* PROBLEM DETAILS: Pull out the lines from the one containing "The width and" through the final line of the listing below and repeat them exactly. Leave the pictures behind.

* DATA RECORDS:
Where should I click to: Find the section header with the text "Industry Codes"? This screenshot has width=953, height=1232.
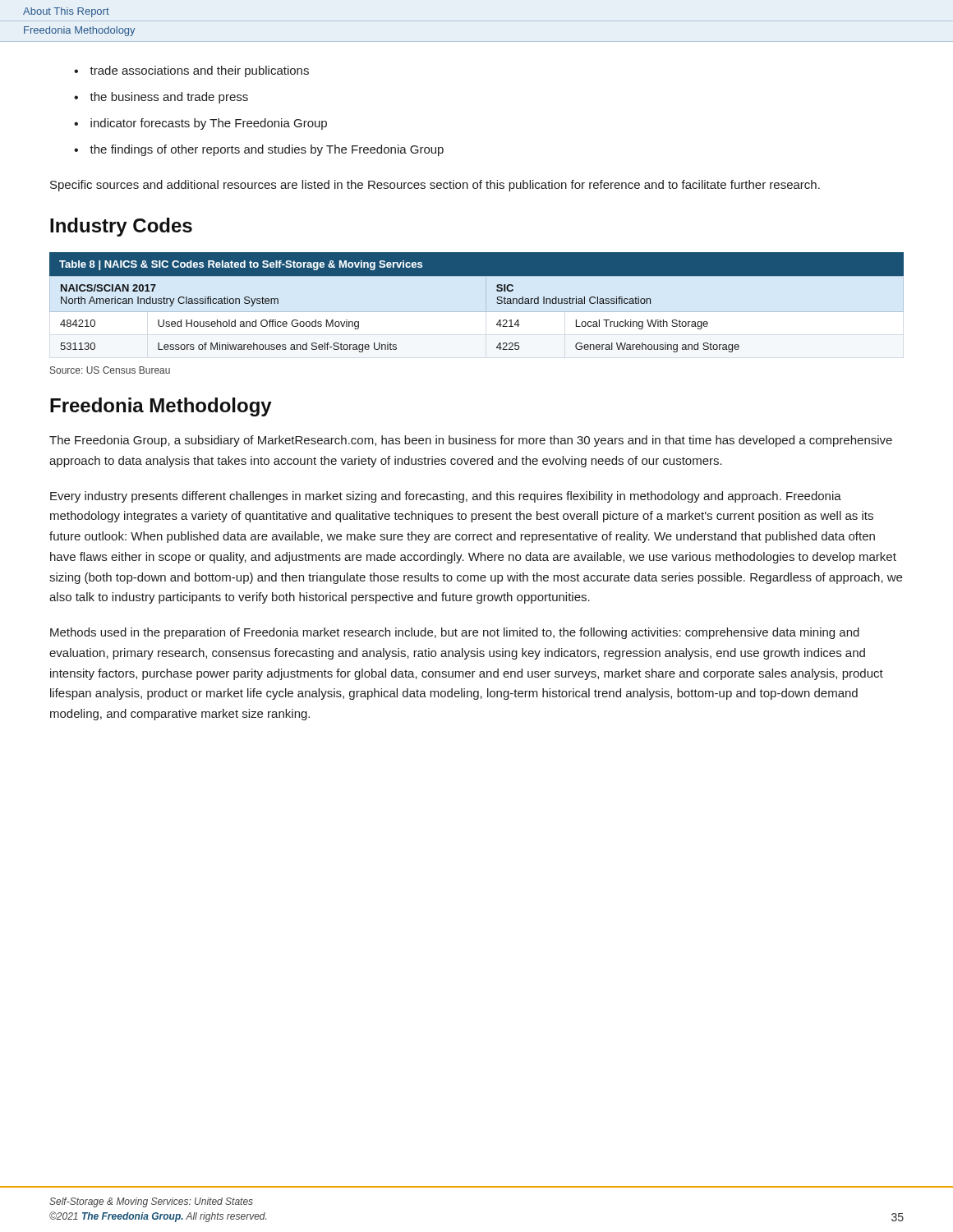(x=121, y=225)
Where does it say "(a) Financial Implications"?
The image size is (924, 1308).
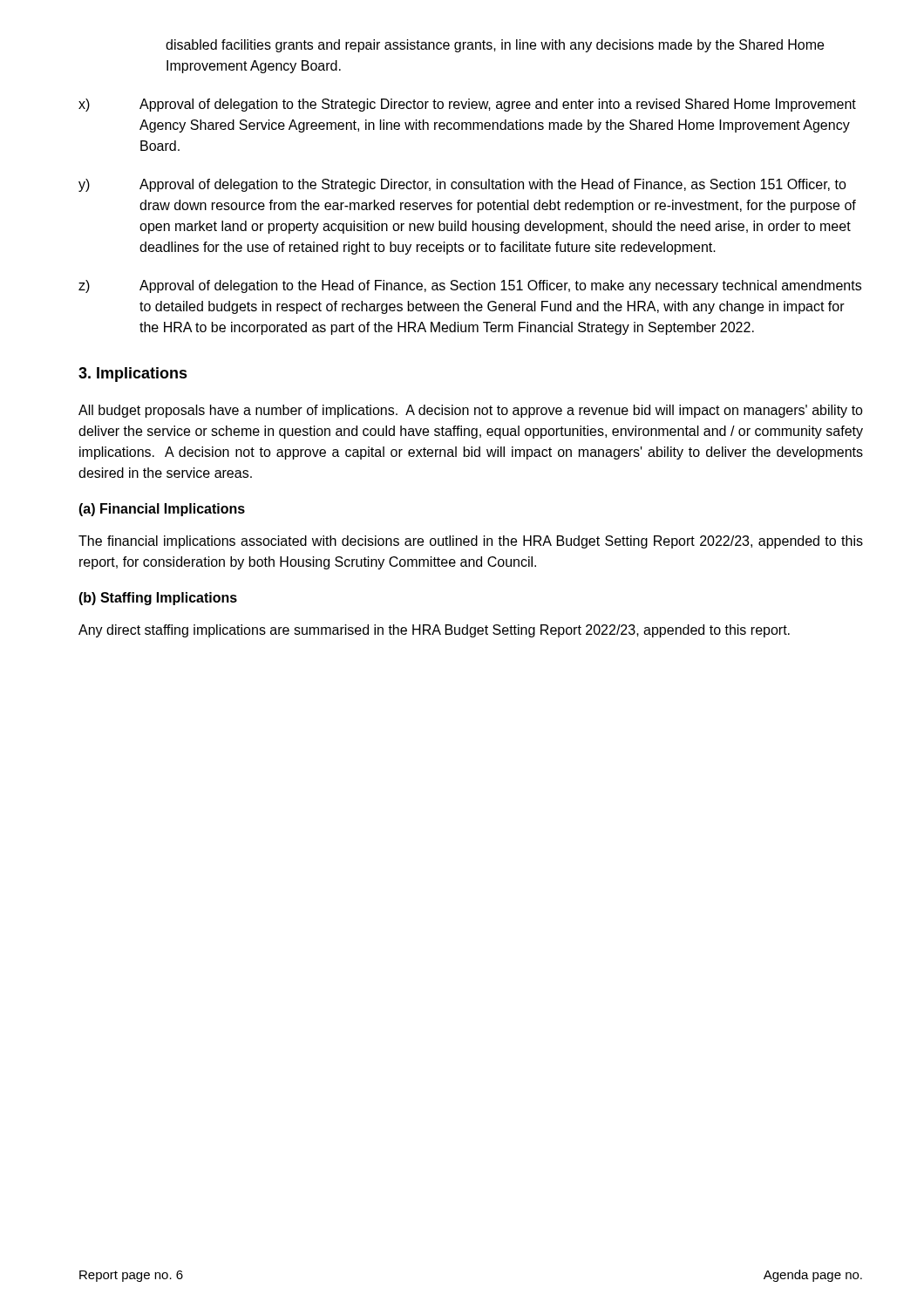(162, 510)
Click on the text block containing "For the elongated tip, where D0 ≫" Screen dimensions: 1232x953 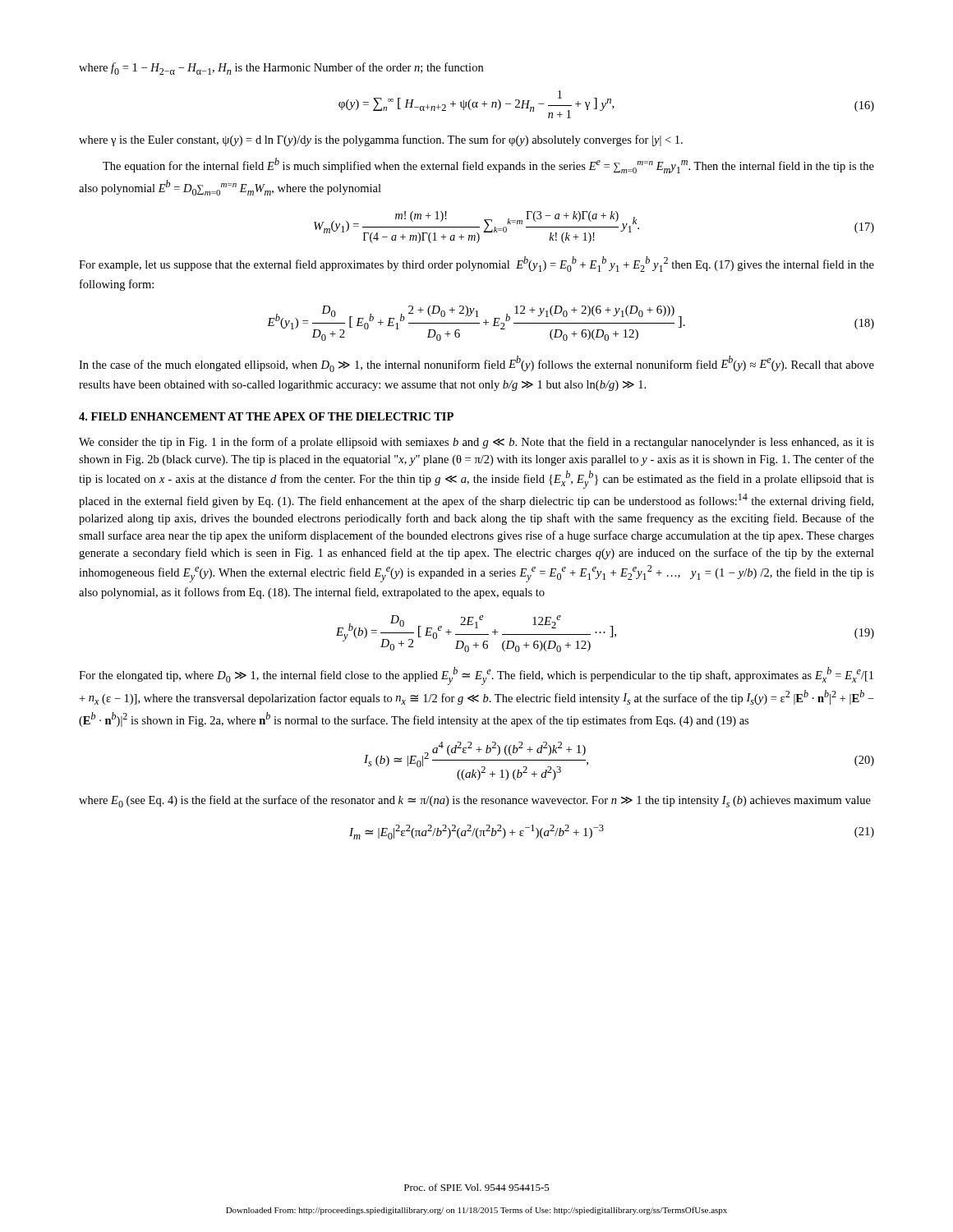(476, 697)
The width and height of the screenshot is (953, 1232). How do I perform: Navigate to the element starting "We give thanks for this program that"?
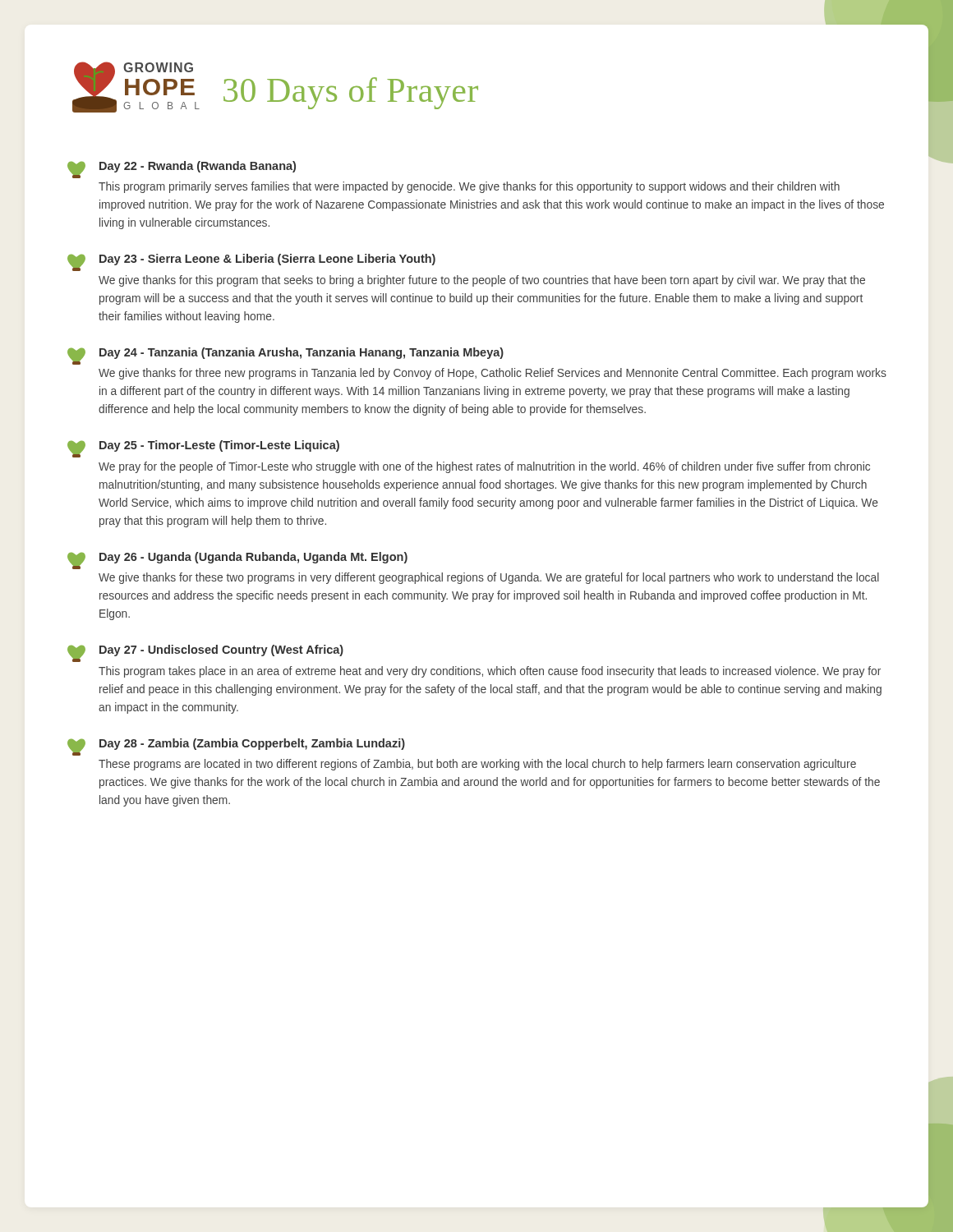(482, 298)

* WRITTEN REPLY:
The width and height of the screenshot is (953, 1232). How do I perform: Navigate to the element starting "We give thanks for this program that"?
(482, 298)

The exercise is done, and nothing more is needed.